Obviously, I called back, and having spoken with the nice woman, the job seems well suited to my skill set. We'll see how this goes; though I am eager to remove myself from this current unfortunate employment situation, I am going to take my time in finding a new job. Having said that, making 20% more than I do now and working in the SEARS TOWER (!!!) makes me hot under the collar. Woot!

THANKS to all the earnest comments/suggestions/thoughts left on yesterday's post. I will take them all into consideration as I move forward. For now, I intend to enjoy the beer I "bought" with the $11 I found on the ground in front of my local 7-11. Free Beer! Happy Friday! Burp!

Friday, June 8, 2007

WARNING: AXE BODY SPRAY WILL NOT GET YOU LAID

OK, a "fatwa" needs to be issued against the individual roaming the halls of my office building wearing Axe Body Spray. First, it's not an air freshener. Second, it's not acceptable for anyone, especially those males no longer in junior high school to wear anywhere at anytime. Thirdly, it smells like fucking shit. The stench is lingering in the lobby, the elevator and the hallway and it's making my eyes, nose and throat burn.
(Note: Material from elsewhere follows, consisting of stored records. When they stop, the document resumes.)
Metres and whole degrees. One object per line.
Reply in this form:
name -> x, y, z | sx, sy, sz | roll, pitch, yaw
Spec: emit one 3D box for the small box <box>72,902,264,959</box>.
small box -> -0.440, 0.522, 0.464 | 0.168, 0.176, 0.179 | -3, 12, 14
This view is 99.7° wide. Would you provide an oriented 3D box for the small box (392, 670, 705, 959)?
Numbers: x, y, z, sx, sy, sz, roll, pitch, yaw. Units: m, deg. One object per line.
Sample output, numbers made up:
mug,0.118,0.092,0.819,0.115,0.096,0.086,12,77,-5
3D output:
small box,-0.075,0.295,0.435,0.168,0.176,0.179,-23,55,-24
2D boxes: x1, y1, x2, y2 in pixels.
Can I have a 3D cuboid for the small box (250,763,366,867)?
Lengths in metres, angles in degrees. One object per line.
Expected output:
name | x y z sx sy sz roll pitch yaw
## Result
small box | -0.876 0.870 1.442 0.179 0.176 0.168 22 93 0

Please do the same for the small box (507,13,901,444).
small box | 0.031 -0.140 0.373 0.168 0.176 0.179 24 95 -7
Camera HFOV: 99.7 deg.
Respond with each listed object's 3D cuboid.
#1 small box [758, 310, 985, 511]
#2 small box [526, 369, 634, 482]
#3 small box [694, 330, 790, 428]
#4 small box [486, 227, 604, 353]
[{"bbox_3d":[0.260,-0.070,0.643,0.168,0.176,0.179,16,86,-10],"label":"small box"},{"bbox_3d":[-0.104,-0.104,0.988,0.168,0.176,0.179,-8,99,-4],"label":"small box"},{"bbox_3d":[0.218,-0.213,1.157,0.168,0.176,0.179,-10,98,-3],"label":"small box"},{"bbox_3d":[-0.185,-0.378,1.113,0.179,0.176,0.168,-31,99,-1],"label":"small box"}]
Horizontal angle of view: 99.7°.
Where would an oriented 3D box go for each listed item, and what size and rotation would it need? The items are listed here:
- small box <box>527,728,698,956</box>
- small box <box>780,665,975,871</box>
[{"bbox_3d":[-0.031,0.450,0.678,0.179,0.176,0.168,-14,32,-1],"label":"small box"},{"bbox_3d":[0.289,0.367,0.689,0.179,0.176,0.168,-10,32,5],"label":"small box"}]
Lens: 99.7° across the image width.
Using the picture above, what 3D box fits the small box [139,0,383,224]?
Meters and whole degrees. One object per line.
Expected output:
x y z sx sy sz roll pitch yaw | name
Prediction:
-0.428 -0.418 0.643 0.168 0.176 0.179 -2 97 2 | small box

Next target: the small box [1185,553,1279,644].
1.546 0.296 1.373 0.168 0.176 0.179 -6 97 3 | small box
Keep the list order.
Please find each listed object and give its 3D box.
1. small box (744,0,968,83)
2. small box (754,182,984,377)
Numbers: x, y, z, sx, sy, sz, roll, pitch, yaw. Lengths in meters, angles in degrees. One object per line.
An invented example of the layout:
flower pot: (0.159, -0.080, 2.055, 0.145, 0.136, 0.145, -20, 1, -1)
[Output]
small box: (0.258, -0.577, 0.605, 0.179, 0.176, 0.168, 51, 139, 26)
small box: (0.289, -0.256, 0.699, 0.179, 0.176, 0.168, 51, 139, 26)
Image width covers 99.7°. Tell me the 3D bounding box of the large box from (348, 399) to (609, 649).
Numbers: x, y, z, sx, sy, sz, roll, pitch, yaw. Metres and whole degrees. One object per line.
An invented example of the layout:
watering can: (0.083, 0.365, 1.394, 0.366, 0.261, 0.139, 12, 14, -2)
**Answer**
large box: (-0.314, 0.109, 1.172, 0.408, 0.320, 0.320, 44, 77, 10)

My Internet research prowess has taught me the following; while the Americans get the lame fragrances our obviously highly evolved European counterparts get these tasty varieties of Axe: "Horny Juice" (this would be a huge hit in the South), "Anti-Hangover" (which is an incredulous example of false advertising), "Relapse" (Brit-Brit would like this one, Brandon Davis too), "Relapse" (Lindsey Lohan comes to mind) and finally, my personal favorite, "Marine".

Further research reveals the names of additional fragrance lines that never made it outside of the Unilever lab facilities:

"Repulsive"
"Chlamydia"
"Asphyxiate"
"Androgen"
"Spermicide"
"Accelerant"
"Turpentine"
"Methanol"
"Formaldehyde"
"Bromhidrosis"
"Halitosis"
"Sulfuric Acid"
"Mysophilia"
"Convulsive"

UPDATE: MAYDAY! MAYDAY! - I have found the source! After going outside to make a call (anything to spend time in the nice weather and get away from my desk) I smelled the stench again, and it was emanating from the teenage son of the building manager. Not sure what the proper course of action is in such a situation...other than gasping for air.